# Impute Protein from RNA (Tonsil dataset)

In this notebook, we used SpaMosaic to impute the missing protein expressions in a tonsillar dataset. The dataset consists of three sections, all measured by 10x Genomics Visium RNA and protein co-profiling technology. We removed the protein data from the first section, trained SpaMosaic on the modified dataset, and then imputed the protein expression for the first section based on RNA. 

Data used in this notebook can be downloaded from [google drive](https://drive.google.com/drive/folders/1ZeZr0Y2LQPnclFSm7JVqE6hZerXb7RF5?usp=drive_link).

In [1]:
import os
import numpy as np
import scanpy as sc
import scipy.sparse as sps
from os.path import join

from spamosaic.framework import SpaMosaic

In [2]:
os.environ['CUBLAS_WORKSPACE_CONFIG'] = ':4096:8'  # for CuBLAS operation and you have CUDA >= 10.2
import spamosaic.utils as utls
from spamosaic.preprocessing import RNA_preprocess, ADT_preprocess, Epigenome_preprocess

In [3]:
ad1_rna = sc.read_h5ad('./s1_adata_rna.h5ad')
ad1_adt = sc.read_h5ad('./s1_adata_adt.h5ad')
ad2_rna = sc.read_h5ad('./s2_adata_rna.h5ad')
ad2_adt = sc.read_h5ad('./s2_adata_adt.h5ad')
ad3_rna = sc.read_h5ad('./s3_adata_rna.h5ad')
ad3_adt = sc.read_h5ad('./s3_adata_adt.h5ad')

In [4]:
shared_adt = ad1_adt.var_names.intersection(ad2_adt.var_names).intersection(ad3_adt.var_names)
ad1_adt = ad1_adt[:, shared_adt].copy()
ad2_adt = ad2_adt[:, shared_adt].copy()
ad3_adt = ad3_adt[:, shared_adt].copy()

### 1st-fold cv (cross validation)

Similar to integration, SpaMosaic performs modality alignment first and then imputes the missing modality profiles based on the modal-aligned latent space.
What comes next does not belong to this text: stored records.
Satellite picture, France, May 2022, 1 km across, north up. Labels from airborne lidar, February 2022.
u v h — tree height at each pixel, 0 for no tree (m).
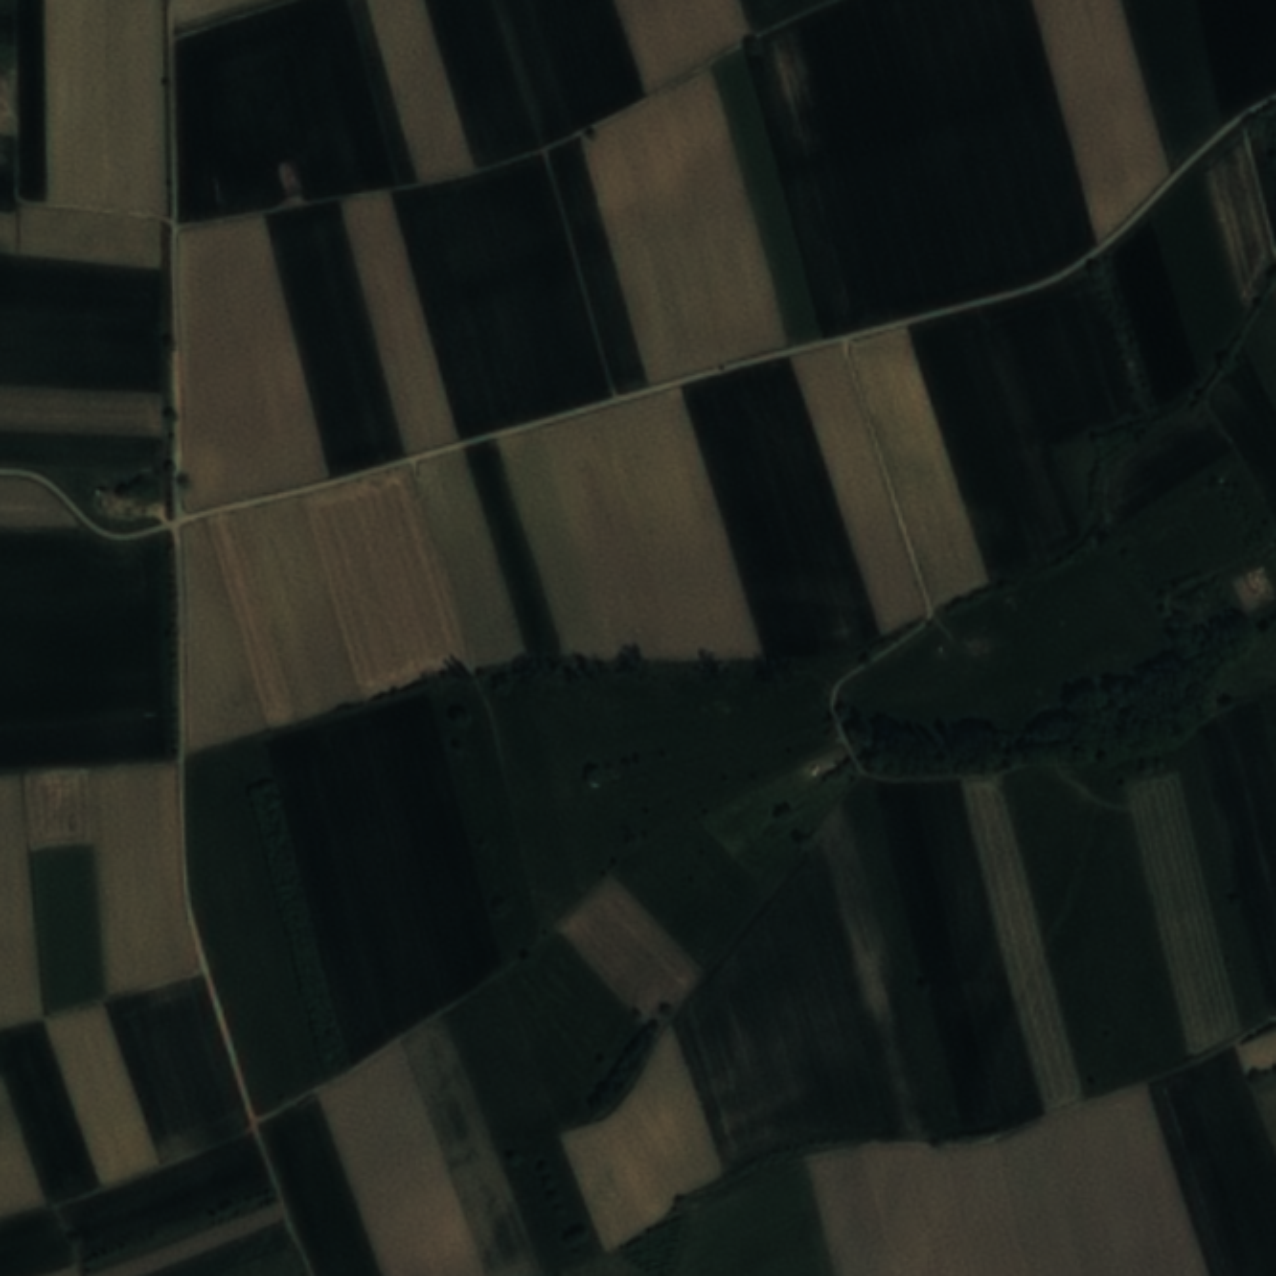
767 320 0
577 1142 0
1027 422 0
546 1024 0
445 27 0
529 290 0
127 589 0
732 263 0
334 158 0
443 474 0
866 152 0
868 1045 0
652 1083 0
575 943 0
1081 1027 0
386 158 0
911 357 0
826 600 0
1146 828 0
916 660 0
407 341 0
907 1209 0
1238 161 0
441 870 0
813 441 0
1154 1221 0
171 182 0
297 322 0
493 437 0
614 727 0
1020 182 0
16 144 0
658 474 0
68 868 0
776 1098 0
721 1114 0
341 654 0
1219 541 0
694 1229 0
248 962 0
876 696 0
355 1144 0
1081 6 0
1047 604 0
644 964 0
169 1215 0
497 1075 0
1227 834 0
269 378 0
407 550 0
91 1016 0
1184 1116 0
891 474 0
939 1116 0
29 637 0
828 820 0
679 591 0
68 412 0
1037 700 0
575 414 0
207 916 0
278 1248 0
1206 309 0
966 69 0
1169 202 0
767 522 0
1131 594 0
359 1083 0
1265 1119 0
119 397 0
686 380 0
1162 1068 0
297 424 0
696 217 0
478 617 0
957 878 0
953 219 0
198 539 0
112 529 0
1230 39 0
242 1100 0
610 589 0
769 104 0
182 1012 0
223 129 0
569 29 0
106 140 0
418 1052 0
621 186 0
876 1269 0
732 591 0
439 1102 0
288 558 0
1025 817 0
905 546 0
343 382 0
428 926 0
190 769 0
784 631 0
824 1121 0
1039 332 0
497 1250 0
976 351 0
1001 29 0
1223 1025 0
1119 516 0
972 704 0
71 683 0
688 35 0
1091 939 0
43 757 0
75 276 0
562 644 0
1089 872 0
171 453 0
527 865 0
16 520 0
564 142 0
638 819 0
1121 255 0
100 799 0
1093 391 0
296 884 8
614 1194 0
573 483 0
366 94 0
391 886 0
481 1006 0
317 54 0

Also, SpaMosaic requires the input dataset in the following format:
``` Python
{
    'rna':      [adata1_rna, adata2_rna,   None,         adata4_rna, ...],
    'protein':  [adata1_adt, None,         adata3_adt,   None,       ...],
    'atac':     [None,       adata2_atac,  None,         None,       ...],
    'histone':  [None,       None      ,   adata3_hist,  None,       ...],
    ...
}
```

In the dictionary, each key represents a modality and each modality key corresponds to list of `anndata` objects. Each `anndata` object contains modality-specific information for a particular section. For example, the first object `adata1_rna` under the 'rna' key holds the RNA profiles for the first section, while the first object `adata1_adt` under the 'protein' key holds protein profiles for the same section. If a section is not measured for a particular modality, its value in the list is `None`. For instance, the first element under the 'atac' and 'histone' keys is `None`, indicating that the first section was not measured with ATAC or histone modality. All lists have the same length, which corresponds to the number of sections in the target dataset.


SpaMosaic requires the modalities in a mosaic dataset to be directly or indirectly connected through one or multiple sections. If a pair of modalities occur in the same section, there is a direct connection between this pair of modalities, while an indirect connection requires multiple intermediary direct connections. 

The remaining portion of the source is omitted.